Nonostante ciò che può sembrare da fuori, le violenze non sono casuali ma seguono una logica ben precisa e, a ben guardare, molto vicina a quella che governa i conflitti: la violenza ha preso di mira in particolare i nodi vitali della distribuzione dei beni di prima necessità. La capacità logistica nel fiume Mooi, il cibo locale e i negozi di prodotti secchi in tutto l’eThekwini, i grandi centri commerciali e i magazzini lungo la costa fino a Pietermaritzburg. L’agenzia assicurativa statale Sasria dovrà coprire parte dei costi per riparare i danni, il che alla fine significa che saranno i contribuenti sudafricani a fare da garanti. Ma quelli economici non saranno gli unici costi da sostenere: l’intera catena di approvvigionamento sudafricana è sotto scacco. Secondo molti analisti sudafricani, sotto la copertura dell’incarcerazione di Zuma, la rete di gangster locali ha l’opportunità di mostrare i muscoli alle autorità ed alla società: “siamo qui, fermateci se potete”. Il problema è che la risposta dello Stato è stata blanda, insicura e in ritardo.

La verità è che Zuma è un politico pensionato senza alcun potere, il suo consenso è praticamente svanito con la fine dell’esperienza politica e la sua famiglia non è composta da persone realmente influenti e ben formate disposte a tutto per mantenere il controllo sui soldi e sul potere politico.

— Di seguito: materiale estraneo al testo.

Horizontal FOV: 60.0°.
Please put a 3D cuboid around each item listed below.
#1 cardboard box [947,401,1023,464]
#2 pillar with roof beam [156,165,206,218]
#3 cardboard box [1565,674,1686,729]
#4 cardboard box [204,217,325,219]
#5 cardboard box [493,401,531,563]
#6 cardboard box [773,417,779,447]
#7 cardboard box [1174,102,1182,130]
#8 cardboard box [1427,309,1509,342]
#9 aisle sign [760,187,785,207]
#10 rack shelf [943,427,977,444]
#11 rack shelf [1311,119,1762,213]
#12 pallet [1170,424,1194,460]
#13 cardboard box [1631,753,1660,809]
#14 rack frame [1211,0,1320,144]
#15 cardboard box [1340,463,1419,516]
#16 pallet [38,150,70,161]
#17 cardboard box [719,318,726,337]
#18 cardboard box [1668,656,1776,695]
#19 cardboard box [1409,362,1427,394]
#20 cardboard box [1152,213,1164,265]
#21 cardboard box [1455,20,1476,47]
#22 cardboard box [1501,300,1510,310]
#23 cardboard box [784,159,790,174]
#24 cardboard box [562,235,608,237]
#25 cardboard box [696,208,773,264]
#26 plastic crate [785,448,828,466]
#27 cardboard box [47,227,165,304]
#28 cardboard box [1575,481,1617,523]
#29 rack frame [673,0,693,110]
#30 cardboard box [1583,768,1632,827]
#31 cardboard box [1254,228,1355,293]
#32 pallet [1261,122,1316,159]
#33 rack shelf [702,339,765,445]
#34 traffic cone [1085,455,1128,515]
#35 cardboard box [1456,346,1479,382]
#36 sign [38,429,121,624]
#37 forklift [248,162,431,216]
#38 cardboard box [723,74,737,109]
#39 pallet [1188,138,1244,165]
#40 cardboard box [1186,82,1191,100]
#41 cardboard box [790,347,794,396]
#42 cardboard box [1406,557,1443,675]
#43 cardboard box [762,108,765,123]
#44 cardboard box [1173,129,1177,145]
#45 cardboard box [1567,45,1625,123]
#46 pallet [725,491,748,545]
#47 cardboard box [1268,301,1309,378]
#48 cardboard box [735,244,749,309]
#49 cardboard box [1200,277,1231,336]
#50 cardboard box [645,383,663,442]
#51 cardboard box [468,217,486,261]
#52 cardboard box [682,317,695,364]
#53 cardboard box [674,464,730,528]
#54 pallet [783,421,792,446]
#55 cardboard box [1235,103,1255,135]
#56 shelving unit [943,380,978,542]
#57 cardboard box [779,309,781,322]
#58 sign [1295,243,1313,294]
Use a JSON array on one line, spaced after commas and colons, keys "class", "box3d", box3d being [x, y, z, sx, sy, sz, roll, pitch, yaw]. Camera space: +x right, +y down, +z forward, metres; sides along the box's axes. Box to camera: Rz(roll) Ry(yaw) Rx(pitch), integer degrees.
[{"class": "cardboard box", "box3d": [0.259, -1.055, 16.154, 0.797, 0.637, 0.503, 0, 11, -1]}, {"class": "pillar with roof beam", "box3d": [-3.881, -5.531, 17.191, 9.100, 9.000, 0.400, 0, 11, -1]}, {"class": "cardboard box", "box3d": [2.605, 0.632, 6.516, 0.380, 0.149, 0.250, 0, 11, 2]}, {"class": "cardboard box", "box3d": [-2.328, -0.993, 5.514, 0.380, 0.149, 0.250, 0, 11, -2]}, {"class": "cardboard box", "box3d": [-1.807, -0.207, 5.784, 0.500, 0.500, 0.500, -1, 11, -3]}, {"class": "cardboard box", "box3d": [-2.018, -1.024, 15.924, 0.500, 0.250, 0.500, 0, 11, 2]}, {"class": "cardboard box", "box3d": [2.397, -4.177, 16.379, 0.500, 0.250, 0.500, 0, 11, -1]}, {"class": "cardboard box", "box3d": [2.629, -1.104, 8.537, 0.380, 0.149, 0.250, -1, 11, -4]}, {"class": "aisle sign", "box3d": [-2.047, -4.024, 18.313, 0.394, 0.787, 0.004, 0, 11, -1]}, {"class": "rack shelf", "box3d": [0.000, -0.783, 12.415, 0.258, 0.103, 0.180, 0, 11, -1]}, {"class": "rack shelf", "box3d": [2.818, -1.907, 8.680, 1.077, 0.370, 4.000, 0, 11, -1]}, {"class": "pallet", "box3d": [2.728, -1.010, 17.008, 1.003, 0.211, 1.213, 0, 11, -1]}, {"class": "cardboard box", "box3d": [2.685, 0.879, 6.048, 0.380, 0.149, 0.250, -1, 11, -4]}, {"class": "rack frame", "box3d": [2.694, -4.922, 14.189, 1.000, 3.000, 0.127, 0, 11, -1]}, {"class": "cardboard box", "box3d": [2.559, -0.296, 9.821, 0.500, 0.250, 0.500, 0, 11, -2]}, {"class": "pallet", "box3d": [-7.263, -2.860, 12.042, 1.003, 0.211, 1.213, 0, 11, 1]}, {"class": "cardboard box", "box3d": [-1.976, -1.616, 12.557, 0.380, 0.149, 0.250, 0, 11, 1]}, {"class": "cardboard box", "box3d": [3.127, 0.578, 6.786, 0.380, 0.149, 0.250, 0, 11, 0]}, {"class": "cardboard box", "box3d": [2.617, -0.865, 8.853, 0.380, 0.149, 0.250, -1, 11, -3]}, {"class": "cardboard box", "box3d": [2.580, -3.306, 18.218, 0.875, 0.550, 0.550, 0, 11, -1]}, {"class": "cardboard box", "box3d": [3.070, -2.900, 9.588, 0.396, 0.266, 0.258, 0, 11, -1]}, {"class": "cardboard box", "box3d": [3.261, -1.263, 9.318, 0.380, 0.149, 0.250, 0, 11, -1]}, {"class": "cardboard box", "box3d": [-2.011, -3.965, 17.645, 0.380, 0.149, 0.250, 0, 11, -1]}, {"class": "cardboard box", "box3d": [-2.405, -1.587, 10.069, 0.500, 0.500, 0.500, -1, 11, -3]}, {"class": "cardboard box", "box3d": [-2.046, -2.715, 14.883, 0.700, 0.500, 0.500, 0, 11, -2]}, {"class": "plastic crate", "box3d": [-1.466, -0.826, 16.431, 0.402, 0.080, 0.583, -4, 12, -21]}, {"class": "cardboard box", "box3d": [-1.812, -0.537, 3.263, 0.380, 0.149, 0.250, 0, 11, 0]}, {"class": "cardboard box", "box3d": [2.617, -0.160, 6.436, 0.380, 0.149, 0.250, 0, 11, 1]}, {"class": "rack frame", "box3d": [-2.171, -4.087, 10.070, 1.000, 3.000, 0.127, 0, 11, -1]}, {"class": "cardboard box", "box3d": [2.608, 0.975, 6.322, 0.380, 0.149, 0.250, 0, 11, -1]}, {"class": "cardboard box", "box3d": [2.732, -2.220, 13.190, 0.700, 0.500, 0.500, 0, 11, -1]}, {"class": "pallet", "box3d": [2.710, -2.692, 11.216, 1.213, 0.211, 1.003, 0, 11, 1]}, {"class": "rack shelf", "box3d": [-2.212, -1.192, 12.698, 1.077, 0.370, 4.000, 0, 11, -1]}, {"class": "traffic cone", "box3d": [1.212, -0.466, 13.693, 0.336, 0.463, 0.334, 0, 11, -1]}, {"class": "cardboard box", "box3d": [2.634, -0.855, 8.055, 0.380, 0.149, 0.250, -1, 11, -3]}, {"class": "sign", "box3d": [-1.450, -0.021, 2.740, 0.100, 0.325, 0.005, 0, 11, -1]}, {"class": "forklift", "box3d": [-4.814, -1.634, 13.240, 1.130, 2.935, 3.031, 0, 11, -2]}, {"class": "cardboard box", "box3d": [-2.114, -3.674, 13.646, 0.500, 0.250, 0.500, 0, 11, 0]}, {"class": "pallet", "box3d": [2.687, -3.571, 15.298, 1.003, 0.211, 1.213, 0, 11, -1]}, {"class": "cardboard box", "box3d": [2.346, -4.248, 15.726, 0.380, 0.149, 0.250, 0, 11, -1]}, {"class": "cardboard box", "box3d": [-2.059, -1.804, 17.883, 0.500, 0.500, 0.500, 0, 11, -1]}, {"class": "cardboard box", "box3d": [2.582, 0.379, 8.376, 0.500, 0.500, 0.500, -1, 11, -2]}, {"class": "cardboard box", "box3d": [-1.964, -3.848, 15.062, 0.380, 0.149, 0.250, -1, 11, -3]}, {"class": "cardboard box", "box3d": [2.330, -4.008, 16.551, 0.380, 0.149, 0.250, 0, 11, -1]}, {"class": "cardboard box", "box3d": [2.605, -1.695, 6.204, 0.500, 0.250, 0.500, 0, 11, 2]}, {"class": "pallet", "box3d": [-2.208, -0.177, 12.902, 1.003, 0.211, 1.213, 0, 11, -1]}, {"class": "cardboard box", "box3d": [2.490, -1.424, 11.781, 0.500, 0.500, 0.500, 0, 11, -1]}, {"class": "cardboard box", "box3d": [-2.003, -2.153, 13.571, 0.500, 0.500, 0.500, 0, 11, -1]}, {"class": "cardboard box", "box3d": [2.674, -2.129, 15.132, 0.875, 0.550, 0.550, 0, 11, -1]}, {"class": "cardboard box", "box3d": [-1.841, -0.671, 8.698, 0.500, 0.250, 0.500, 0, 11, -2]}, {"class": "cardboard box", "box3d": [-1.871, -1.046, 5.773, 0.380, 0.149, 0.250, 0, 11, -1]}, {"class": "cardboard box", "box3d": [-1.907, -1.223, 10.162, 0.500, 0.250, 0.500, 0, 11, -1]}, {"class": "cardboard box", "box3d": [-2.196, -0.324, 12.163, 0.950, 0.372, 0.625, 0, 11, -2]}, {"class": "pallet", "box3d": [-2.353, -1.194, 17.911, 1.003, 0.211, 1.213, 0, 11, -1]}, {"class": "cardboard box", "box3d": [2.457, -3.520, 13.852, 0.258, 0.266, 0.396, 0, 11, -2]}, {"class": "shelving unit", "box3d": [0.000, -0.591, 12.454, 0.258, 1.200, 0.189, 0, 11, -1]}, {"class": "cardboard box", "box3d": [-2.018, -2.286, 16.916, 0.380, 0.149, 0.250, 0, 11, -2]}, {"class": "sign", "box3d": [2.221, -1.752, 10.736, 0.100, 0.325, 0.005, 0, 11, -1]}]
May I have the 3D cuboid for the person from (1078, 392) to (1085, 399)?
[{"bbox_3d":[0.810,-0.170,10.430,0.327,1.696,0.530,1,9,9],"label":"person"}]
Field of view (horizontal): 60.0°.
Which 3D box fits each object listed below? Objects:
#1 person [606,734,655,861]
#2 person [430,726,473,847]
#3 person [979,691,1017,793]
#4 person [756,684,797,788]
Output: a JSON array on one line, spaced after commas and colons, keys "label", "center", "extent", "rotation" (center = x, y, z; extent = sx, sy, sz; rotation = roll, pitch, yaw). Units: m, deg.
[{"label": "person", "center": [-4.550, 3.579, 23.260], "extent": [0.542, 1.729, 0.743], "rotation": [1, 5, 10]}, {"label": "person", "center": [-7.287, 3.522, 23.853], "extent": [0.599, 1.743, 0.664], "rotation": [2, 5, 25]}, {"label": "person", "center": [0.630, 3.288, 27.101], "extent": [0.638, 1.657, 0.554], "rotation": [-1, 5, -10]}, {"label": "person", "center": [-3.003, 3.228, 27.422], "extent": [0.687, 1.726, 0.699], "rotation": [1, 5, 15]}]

È l’eredità politica di Zuma ad essere il problema, costituendo il substrato delle proteste: l’ex-presidente ha governato con uno stile retorico fortemente “populista” ma avvicinandosi contemporaneamente alle elite liberali, e non, della società bianca. Questo ha attirato sul potere fortissime critiche dell’Anc, l’ex-partito di Mandela, il quale tuttavia non è esente da casi clamorosi di corruzione, come anche qui dimostrano i tribunali, e che non mostra, con Ramaphosa, alcuna buona capacità di governo. La “tangentopoli” sudafricana ha preparato il terreno al caos, a una rete di gangster e di oligarchi in lotta per il controllo dell’economia. In Sudafrica, oggi, non c’è niente da perdere: le violenze e i saccheggi vogliono azzerare tutto, lanciare un segnale ai vecchi monopoli economici e aziendali creando un vuoto che prima o poi sarà da colmare.

Ne è un esempio il settore logistico nel KwaZulu-Natal, attualmente completamente bloccato: le strade sono sotto il controllo di gruppi criminali e bande armate ben organizzate che, secondo molti, sono al soldo di vere e proprie mafie. Che sfruttano la disillusione, la fame, la rabbia, la disoccupazione: chi saccheggia oggi fa parte di una sottoclasse economica che è stata umiliata per generazioni e il cui esempio è sempre stato rappresentato da una classe politica corrotta. Saccheggio per saccheggio. In questa polveriera pronta ad esplodere, come e peggio delle violenze xenofobe del 2008, delle elezioni del 2009 e delle proteste del 2013, la pandemia ha acceso la miccia: per il secondo inverno australe consecutivo il Sudafrica è alle prese con l’ennesima ondata pandemica e le restrizioni sono diventate insopportabili in un paese dove, in epoca pre-covid, la disoccupazione era al 50%, con tre giovani su quattro senza alcuna prospettiva. La risposta del governo al covid ha distrutto definitivamente la credibilità delle istituzioni, ha rotto qualcosa nel patto sociale sudafricano e non basta la polizia, composta da agenti poco motivati, sottopagati e scarsamente formati, a recuperare: ci vuole l’esercito.

Nel frattempo le milizie bianche sono riemerse dall’oscurità per proteggere quelle proprietà private e pubbliche abbandonate al loro destino dalle istituzioni, senza farsi troppi problemi a sparare. In tutto questo tra pochi mesi, ad ottobre, si terranno le elezioni amministrative comunali: il rischio, di nuovo, è che un possibile spostamento dell’appuntamento possa ulteriormente inasprire i toni ma anche che queste possano essere facilmente manipolabili, in una società rabbiosa e polarizzata come il Sudafrica di oggi.

La partita, oggi, si gioca tutta sulla violenza e sul controllo. È un braccio di ferro e rischia di diventare una macelleria.